Another really interesting PHP session was given by Mike Ho on creating web services in four lines using Qcodo. This is a really cool looking framework that has stuff like support for writing AJAX in PHP, ORM using code generation and some awesome WSDL generation abilities.
In his presentation he really did create web services that generated nasty big WSDL documents in a few lines of code. He created a simple web service class and then proceeded to access this from c# code running in Visual Studio in a Parallels desktop (an aside: there are a LOT of Macs here. At least half of the presentations were given on Macs). Here is an example:
require 'includes/prepend.inc.php'; class MyService extends QSoapService { /** * return string */ public function foo() { return 'foo'; } } MyService::run();
This code will generate the necessary WSDL to provide a SOAP service.
Ed Presz from Ticketmaster talked about how they use replication to scale.
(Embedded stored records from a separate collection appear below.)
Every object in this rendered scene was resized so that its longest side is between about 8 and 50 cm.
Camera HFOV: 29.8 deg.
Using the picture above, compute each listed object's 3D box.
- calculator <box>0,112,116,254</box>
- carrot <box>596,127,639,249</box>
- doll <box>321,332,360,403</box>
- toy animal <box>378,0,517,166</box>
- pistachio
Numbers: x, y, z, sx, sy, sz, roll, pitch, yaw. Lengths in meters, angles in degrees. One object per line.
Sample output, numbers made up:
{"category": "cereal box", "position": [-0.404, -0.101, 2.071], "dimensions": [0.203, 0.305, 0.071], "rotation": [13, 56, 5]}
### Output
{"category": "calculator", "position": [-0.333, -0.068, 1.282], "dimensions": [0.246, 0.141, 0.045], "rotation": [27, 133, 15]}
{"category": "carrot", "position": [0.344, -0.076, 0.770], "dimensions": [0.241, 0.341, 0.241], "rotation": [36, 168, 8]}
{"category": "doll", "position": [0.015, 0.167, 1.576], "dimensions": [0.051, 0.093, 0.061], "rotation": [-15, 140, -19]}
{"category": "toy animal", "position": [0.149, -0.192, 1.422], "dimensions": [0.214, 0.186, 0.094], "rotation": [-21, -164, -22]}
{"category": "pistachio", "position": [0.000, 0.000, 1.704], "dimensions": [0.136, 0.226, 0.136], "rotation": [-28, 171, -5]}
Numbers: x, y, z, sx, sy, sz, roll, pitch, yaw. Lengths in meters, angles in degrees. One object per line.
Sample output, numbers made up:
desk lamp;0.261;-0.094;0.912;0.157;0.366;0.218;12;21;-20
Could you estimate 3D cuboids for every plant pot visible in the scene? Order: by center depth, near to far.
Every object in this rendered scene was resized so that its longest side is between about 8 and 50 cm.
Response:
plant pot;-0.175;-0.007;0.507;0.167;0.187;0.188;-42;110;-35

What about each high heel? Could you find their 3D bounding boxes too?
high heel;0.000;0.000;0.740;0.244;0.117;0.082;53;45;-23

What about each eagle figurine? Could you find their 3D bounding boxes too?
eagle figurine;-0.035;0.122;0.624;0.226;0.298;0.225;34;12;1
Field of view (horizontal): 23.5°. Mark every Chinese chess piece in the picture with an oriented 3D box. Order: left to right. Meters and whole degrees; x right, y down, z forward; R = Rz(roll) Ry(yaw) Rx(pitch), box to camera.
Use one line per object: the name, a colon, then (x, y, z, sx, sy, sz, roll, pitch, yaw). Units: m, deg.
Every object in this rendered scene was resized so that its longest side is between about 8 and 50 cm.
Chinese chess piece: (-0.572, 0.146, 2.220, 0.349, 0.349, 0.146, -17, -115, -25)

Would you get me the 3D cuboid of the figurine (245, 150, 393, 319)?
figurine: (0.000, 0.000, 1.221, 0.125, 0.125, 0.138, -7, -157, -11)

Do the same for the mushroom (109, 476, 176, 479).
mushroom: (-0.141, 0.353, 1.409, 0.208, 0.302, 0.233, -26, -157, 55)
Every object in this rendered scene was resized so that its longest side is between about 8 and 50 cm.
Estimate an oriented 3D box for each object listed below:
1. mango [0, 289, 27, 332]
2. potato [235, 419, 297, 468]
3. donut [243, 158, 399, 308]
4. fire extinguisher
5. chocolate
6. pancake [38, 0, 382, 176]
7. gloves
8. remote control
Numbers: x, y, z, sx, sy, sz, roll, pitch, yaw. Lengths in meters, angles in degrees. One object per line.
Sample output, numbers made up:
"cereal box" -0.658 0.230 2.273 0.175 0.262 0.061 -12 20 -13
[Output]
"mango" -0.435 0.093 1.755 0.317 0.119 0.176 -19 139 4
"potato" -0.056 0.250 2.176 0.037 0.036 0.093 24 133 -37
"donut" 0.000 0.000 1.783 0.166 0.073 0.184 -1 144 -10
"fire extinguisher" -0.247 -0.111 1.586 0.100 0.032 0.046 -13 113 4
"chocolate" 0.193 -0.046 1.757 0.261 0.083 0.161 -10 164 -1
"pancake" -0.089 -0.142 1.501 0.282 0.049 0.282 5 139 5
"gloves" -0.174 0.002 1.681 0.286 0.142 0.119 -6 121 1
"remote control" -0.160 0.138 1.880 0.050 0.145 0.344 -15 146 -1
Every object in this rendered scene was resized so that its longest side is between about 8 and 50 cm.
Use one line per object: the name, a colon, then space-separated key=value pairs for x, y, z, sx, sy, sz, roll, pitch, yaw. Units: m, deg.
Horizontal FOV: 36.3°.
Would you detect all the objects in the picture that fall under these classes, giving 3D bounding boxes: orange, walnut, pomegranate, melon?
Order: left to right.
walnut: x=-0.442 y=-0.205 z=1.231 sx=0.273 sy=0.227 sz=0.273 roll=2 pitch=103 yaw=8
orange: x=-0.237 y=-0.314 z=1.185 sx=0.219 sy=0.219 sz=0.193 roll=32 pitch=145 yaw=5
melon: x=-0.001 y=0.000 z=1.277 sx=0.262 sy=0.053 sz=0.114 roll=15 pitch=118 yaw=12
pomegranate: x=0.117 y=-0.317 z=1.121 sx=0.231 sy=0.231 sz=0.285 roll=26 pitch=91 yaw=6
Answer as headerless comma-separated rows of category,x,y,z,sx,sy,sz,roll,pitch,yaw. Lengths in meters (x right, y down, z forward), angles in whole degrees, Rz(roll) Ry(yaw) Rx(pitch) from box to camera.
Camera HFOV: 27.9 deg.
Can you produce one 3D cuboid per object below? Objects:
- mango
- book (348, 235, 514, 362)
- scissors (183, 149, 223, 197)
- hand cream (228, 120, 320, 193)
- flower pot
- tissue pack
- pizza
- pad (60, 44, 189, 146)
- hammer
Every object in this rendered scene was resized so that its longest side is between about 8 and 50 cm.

Some nice figures were:
- 14,000 tickets sold in a minute
- 500,000 tickets sold in a day
Again, replication works well for them because they have a high proportion of reads. They currently use MySQL 4.0 (they used to use MS SQL Server) but hope to move to 5.0 this year.
They use a large number of “chained” slaves. So a slave becomes a master to another slave. This gives them a lot of redundancy.
Interestingly they replicate across the Atlantic. Their servers in the UK log the transactions and then they are replicated across the pond for reporting via a 10mb WAN link. They standardise all their times in UTC.
Lots of people have been saying how setting innodb_flush_log_at_trx_commit=0 gives a huge improvement in performance – at most you can lose 1 sec of data. Usually this is worth it for the gain in speed.